A sanfona, o triângulo e a zabumba são os instrumentos
musicais que em geral acompanham a quadrilha. Também são
comuns a viola e o violão.
Mas, e a música? Tenho reparado que cada vez mais a música
típica perde espaço para outros estilos durante as
comemorações juninas. Acredito que não haja
um brasileiro que não tenha escutado ou dançado uma
quadrilha ao som de “Festa na Roça”, de Mário
Zan. Ou que não tenha dançado ao som de um baião
de Luiz Gonzaga.
Mário Zan logo cedo, recebeu o apelido “moleque da
sanfona”. Italiano, radicado desde os quatro anos no Brasil,
começou a tocar profissionalmente com 19 anos nas rádios
Bandeirantes, Cultura, Record e Tupi. Na época, o compositor
Capitão Furtado procurava um sanfoneiro para excursionar
pelo interior paulista. Foi aí que sua carreira deslanchou.
Em 1946, foi contratado pela RCA Victor, onde gravou mais de 300
discos 78 rpm e 40 LPs.
Maior responsável pela divulgação da música
nordestina no resto do Brasil, Luiz Gonzaga nasceu na Fazenda Caiçara,
em Exu (PE). Filho de um lavrador e sanfoneiro, desde criança
ele se interessou pela sanfona de oito baixos do pai, a quem ajudava
tocando zabumba e cantando em festas religiosas e forrós.
Saiu de casa em 1930 para servir o exército como voluntário.
Viajou pelo Brasil como corneteiro, recebendo baixa em 1939. Resolveu
ficar no Rio de Janeiro, com uma sanfona recém-comprada.
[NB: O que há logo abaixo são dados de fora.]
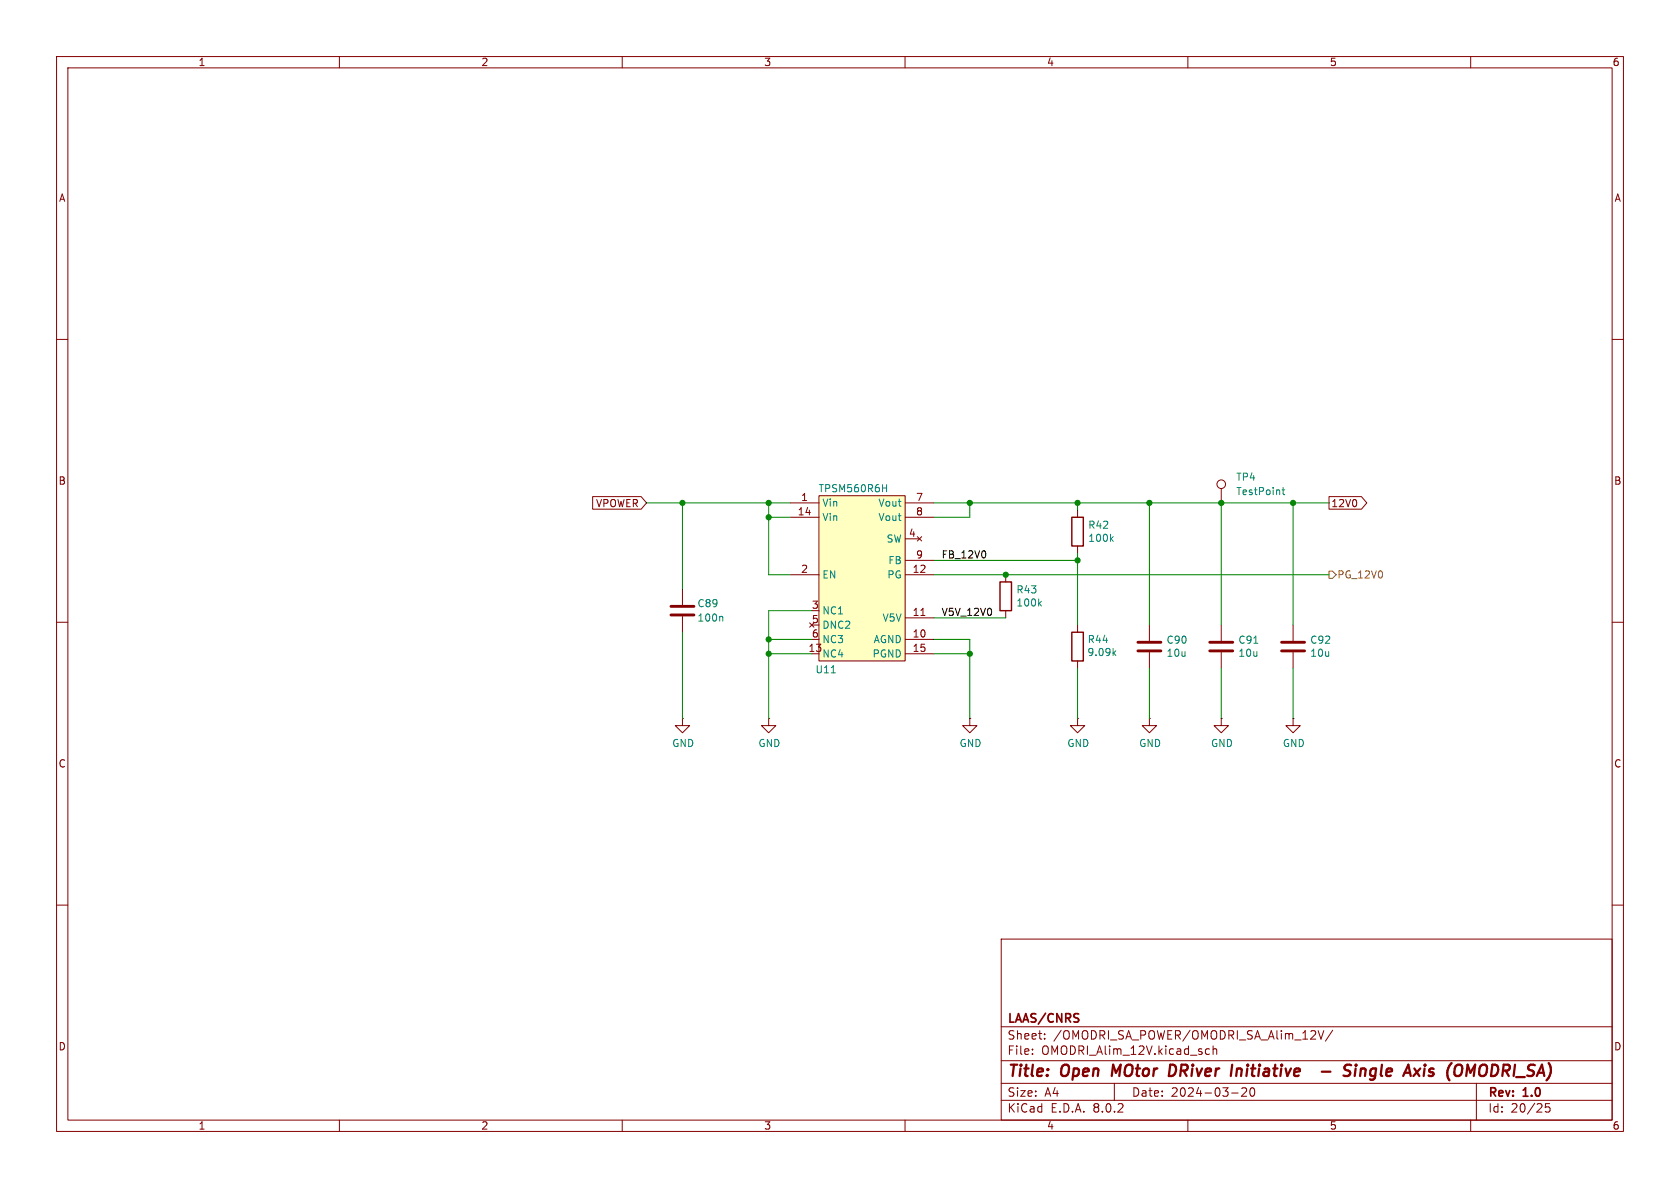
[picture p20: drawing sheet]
<svg xmlns="http://www.w3.org/2000/svg" width="297mm" height="210mm" viewBox="0 0 297 210" stroke-linecap="round" stroke-linejoin="round" font-family="sans-serif">
<defs><g id="words">
<g font-size="2.8" fill="#840000">
<text x="178" y="190.9">Title:</text>
<text x="187.7" y="190.9">Open</text>
<text x="197.4" y="190.9">MOtor</text>
<text x="208.3" y="190.9">DRiver</text>
<text x="220.1" y="190.9">Initiative</text>
<text x="237.7" y="190.9">-</text>
<text x="242.5" y="190.9">Single</text>
<text x="254" y="190.9">Axis</text>
<text x="262.2" y="190.9">(OMODRI_SA)</text>
</g>
<g font-size="2.1" fill="#840000">
<text x="178" y="184">Sheet:</text>
<text x="178" y="181.2">LAAS/CNRS</text>
<text x="186.2" y="184">/OMODRI_SA_POWER/OMODRI_SA_Alim_12V/</text>
<text x="178" y="186.7">File:</text>
<text x="184.1" y="186.7">OMODRI_Alim_12V.kicad_sch</text>
<text x="178" y="196.9">KiCad</text>
<text x="178" y="194.1">Size:</text>
<text x="184.7" y="194.1">A4</text>
<text x="185.7" y="196.9">E.D.A.</text>
<text x="193.3" y="196.9">8.0.2</text>
<text x="200" y="194.1">Date:</text>
<text x="207" y="194.1">2024-03-20</text>
<text x="263" y="194.3">Rev:</text>
<text x="263" y="196.9">Id:</text>
<text x="267.1" y="196.9">20/25</text>
<text x="269.4" y="194.3">1.0</text>
</g>
<g font-size="1.8" fill="#840000">
<text x="35" y="11.9">1</text>
<text x="85" y="11.9">2</text>
<text x="135" y="11.9">3</text>
<text x="185" y="11.9">4</text>
<text x="235" y="11.9">5</text>
<text x="285" y="11.9">6</text>
<text x="10.3" y="35.9">A</text>
<text x="285.3" y="35.9">A</text>
<text x="10.3" y="85.9">B</text>
<text x="105.3" y="89.9">VPOWER</text>
<text x="141.5" y="88.6">1</text>
<text x="161.9" y="88.6">7</text>
<text x="235.3" y="89.9">12V0</text>
<text x="285.3" y="85.9">B</text>
<text x="140.9" y="91.2">14</text>
<text x="160.6" y="95">4</text>
<text x="161.9" y="91.2">8</text>
<text x="141.5" y="101.3">2</text>
<text x="161.2" y="101.3">12</text>
<text x="161.9" y="98.8">9</text>
<text x="143.4" y="107.7">3</text>
<text x="143.4" y="110.2">5</text>
<text x="143.4" y="112.8">6</text>
<text x="161.2" y="112.8">10</text>
<text x="161.2" y="109">11</text>
<text x="142.8" y="115.3">13</text>
<text x="161.2" y="115.3">15</text>
<text x="10.3" y="135.9">C</text>
<text x="285.3" y="135.9">C</text>
<text x="10.3" y="185.9">D</text>
<text x="285.3" y="185.9">D</text>
<text x="35" y="199.9">1</text>
<text x="85" y="199.9">2</text>
<text x="135" y="199.9">3</text>
<text x="185" y="199.9">4</text>
<text x="235" y="199.9">5</text>
<text x="285" y="199.9">6</text>
</g>
<g font-size="1.8" fill="#008484">
<text x="144.6" y="87.2">TPSM560R6H</text>
<text x="145.3" y="89.8">Vin</text>
<text x="155.2" y="89.8">Vout</text>
<text x="218.4" y="85.2">TP4</text>
<text x="218.4" y="87.7">TestPoint</text>
<text x="145.3" y="92.3">Vin</text>
<text x="155.2" y="92.3">Vout</text>
<text x="192.3" y="93.7">R42</text>
<text x="192.3" y="96">100k</text>
<text x="156.6" y="96.1">SW</text>
<text x="157" y="99.9">FB</text>
<text x="123.2" y="107.5">C89</text>
<text x="145.3" y="102.5">EN</text>
<text x="156.8" y="102.5">PG</text>
<text x="179.6" y="105.1">R43</text>
<text x="179.6" y="107.4">100k</text>
<text x="123.2" y="110.1">100n</text>
<text x="145.3" y="108.8">NC1</text>
<text x="145.3" y="111.4">DNC2</text>
<text x="145.3" y="113.9">NC3</text>
<text x="154.3" y="113.9">AGND</text>
<text x="155.9" y="110.1">V5V</text>
<text x="192.2" y="113.9">R44</text>
<text x="206.1" y="114">C90</text>
<text x="218.8" y="114">C91</text>
<text x="231.5" y="114">C92</text>
<text x="144.1" y="119.2">U11</text>
<text x="145.3" y="116.4">NC4</text>
<text x="154.2" y="116.4">PGND</text>
<text x="192.1" y="116.2">9.09k</text>
<text x="206.1" y="116.3">10u</text>
<text x="218.8" y="116.3">10u</text>
<text x="231.5" y="116.3">10u</text>
<text x="118.7" y="132.3">GND</text>
<text x="134" y="132.3">GND</text>
<text x="169.5" y="132.3">GND</text>
<text x="188.6" y="132.3">GND</text>
<text x="201.3" y="132.3">GND</text>
<text x="214" y="132.3">GND</text>
<text x="226.7" y="132.3">GND</text>
</g>
<g font-size="1.8">
<text x="166.4" y="98.8">FB_12V0</text>
<text x="166.4" y="109">V5V_12V0</text>
</g>
<text font-size="1.8" fill="#848400" x="236.3" y="102.5">PG_12V0</text>
</g></defs>
<g fill="none" stroke="#840000" stroke-width=".18">
<path d="M10 10h277v190h-277zM12 12h273v186h-273zM60 10v2M110 10v2M160 10v2M210 10v2M260 10v2M10 60h2M285 60h2M190.5 90.2v1.2M190.5 96.5v1.3M10 110h2"/>
<path d="M120.6 104.1v2.8M120.6 109v2.8M190.5 110.5v1.3M190.5 116.8v1.3M203.2 110.5v2.8M203.2 115.3v2.8M215.9 110.5v2.8M215.9 115.3v2.8M228.6 110.5v2.8M228.6 115.3v2.8M285 110h2M120.6 127v1.3h1.3l-1.3 1.2-1.2-1.2h1.2"/>
<path d="M120.6 127h.1M135.9 127v1.3h1.3l-1.3 1.2-1.3-1.2h1.3M135.9 127h.1M190.5 127v1.3h1.3l-1.3 1.2-1.3-1.2h1.3M190.5 127h.1M203.2 127v1.3h1.3l-1.3 1.2-1.3-1.2h1.3M203.2 127h.1M215.9 127v1.3h1.3l-1.3 1.2-1.3-1.2h1.3M215.9 127h.1M228.6 127v1.3h1.3l-1.3 1.2-1.3-1.2h1.3M228.6 127h.1M10 160h2"/>
<path d="M285 160h2M177 166h108v32h-108zM60 198v2M110 198v2M160 198v2M177 194.5h108M177 191.5h108M177 187.5h108M177 181.5h108M182.5 186.3v.1M182.5 185.5v.1M184.7 183.6v.1"/>
<path d="M184.7 182.8v.1M197 191.5v3M210 198v2M213.2 186.3l.2 .1 .4-.1M213.8 185.5l-.4-.1-.2 .1M214.5 185.5l.2-.1 .3 .1 .1 .9M214.5 184.9v1.5M217.7 193.2h1.2M219.5 192.4l.6-.1 .2 .1 .1 .3-.9 1.1h.9M221.2 192.4l.1-.1a.81 .81 0 0 1 .6 .6 .81 .81 0 0 1-.3 .8l-.1 .1a.81 .81 0 0 1-.6-.6 .81 .81 0 0 1 .3-.8zM233 182.2l.5 1.5 .5-1.5M235.6 182.1l-1.3 2"/>
<path d="M260 198v2M261 191.5v6.5M274 195.1h-.8v.7l.2-.1h.5l.1 .3v.5l-.3 .1-.5-.1"/>
</g>
<g fill="none" stroke="#840000" stroke-width=".4">
<path d="M196.8 188.2l-.3 2M207.6 188.3l-.7-.1-.3 2h.5l.5-.3M218.7 188.9l-.2 1.3M219.3 188.9l-.6 .2M233.7 189.4h1.5M238.9 188.3a.85 .85 0 0 0-1.1 .1l-.1 .4v.2M239.7 188.9l-.2 1.3M239.7 188.2v.2M239.7 188.2l-.1 .1 .1 .1M239.7 188.2l.1 .1-.1 .1M240.6 189.1a.49 .49 0 0 1 .8 .1l-.1 1M240.6 188.9l-.2 1.3"/>
<path d="M251.9 188.2l-.1 .1 .1 .1M251.9 188.2l.1 .1-.1 .1M251.9 188.2v.2M252.6 190.1l.5 .1M253.3 188.9l-.5 .1-.1 .3v.1l.5 .1M261.6 188.9l-.1 1"/>
</g>
<path d="M189.5 91.4h2v5.1h-2zM189.5 111.8h2v5h-2z" fill="none" stroke="#840000" stroke-width=".25"/>
<path d="M196.4 95.2l.4 .5M196.8 94.9l-.5 .4M127.6 109l.2 .1v.7M196.9 115.4l.4 .5M197.3 115l-.5 .5M221.7 113.7h.7" fill="none" stroke="#008484" stroke-width=".18"/>
<path d="M118.6 108.7h4.1M118.6 107.2h4.1M201.2 115.1h4M201.2 113.5h4M213.9 115.1h4M213.9 113.5h4M226.6 115.1h4M226.6 113.5h4" fill="none" stroke="#840000" stroke-width=".51"/>
<path d="M144.8 87.6h15.2v29.2h-15.2z" fill="#ffffc2"/>
<g fill="none" stroke="#840000" stroke-width=".18">
<path d="M104.8 87.8h8.5l1 1.1-1 1.1h-8.5zM139.7 88.9h5.1M139.7 91.4h5.1M144.8 87.6h15.2v29.2h-15.2zM160 88.9h5.1M160 91.4h5.1M160 95.3h2.6M160 99.1h5.1M162.2 94.9l.7 .7M162.9 94.9l-.7 .7M215.9 86.4v2.5M234.9 87.8h5.8l.9 1.1-.9 1.1h-5.8z"/>
<path d="M139.7 101.6h5.1M160 113h5.1M160 109.2h5.1M160 101.6h5.1M160 115.6h5.1M162.8 108.8h.7M177.8 101.6v1.3M177.8 108v1.2M171.4 127v1.3h1.3l-1.3 1.2-1.2-1.2h1.2M171.4 127h.1"/>
<circle cx="215.9" cy="85.6" r=".76"/>
</g>
<path d="M156 86.3h.7M156.7 85.7v1.2M226.7 86.6h.4M226.8 86.2v1.1l.3 .1M147 118.9h.7M183.7 106.6l.4 .5M184.1 106.3l-.5 .5" fill="none" stroke="#008484" stroke-width=".18"/>
<path d="M176.8 102.9h2v5.1h-2z" fill="none" stroke="#840000" stroke-width=".25"/>
<path d="M234.9 101h.7l.6 .6-.6 .6h-.7z" fill="none" stroke="#848400" stroke-width=".18"/>
<g fill="none" stroke="#008400" stroke-width=".18">
<path d="M114.3 88.9h25.4M120.6 88.9v15.2M135.9 88.9v12.7h3.8M135.9 91.4h3.8M165.1 88.9h69.8M165.1 99.1h25.4M171.4 88.9v2.5h-6.3M190.5 88.9v1.3M190.5 97.8v12.7M203.2 88.9v21.6M215.9 88.9v21.6M228.6 88.9v21.6"/>
<path d="M120.6 111.8v15.2M135.9 115.6h7.6M135.9 113h7.6M143.5 108h-7.6v19M165.1 113h6.3v14M165.1 101.6h69.8M165.1 115.6h6.3M165.1 109.2h12.7M190.5 118.1v8.9M203.2 118.1v8.9M215.9 118.1v8.9M228.6 118.1v8.9"/>
</g>
<g fill="#008400" stroke="#008400" stroke-width=".18">
<circle cx="228.6" cy="88.9" r=".46"/>
<circle cx="215.9" cy="88.9" r=".46"/>
<circle cx="171.4" cy="115.6" r=".46"/>
<circle cx="177.8" cy="101.6" r=".46"/>
<circle cx="190.5" cy="88.9" r=".46"/>
<circle cx="190.5" cy="99.1" r=".46"/>
<circle cx="203.2" cy="88.9" r=".46"/>
<circle cx="135.9" cy="88.9" r=".46"/>
<circle cx="120.6" cy="88.9" r=".46"/>
<circle cx="171.4" cy="88.9" r=".46"/>
<circle cx="135.9" cy="115.6" r=".46"/>
<circle cx="135.9" cy="113" r=".46"/>
<circle cx="135.9" cy="91.4" r=".46"/>
</g>
<use href="#words"/>
</svg>

Na mesma época, percebeu a carência que os migrantes
nordestinos tinham de ouvir sua própria música, e
passou a tocar xaxados, baiões, chamegos e cocos com grande
sucesso. Chegou a ir ao programa de calouros de Ary Barroso e tocou
seu chamego "Vira e Mexe", com grande aprovação
do público e do temível apresentador, que lhe deu
nota máxima.
Em 1943 apresentou-se vestido a caráter como nordestino,
com bastante êxito. Seu maior sucesso, "Asa Branca"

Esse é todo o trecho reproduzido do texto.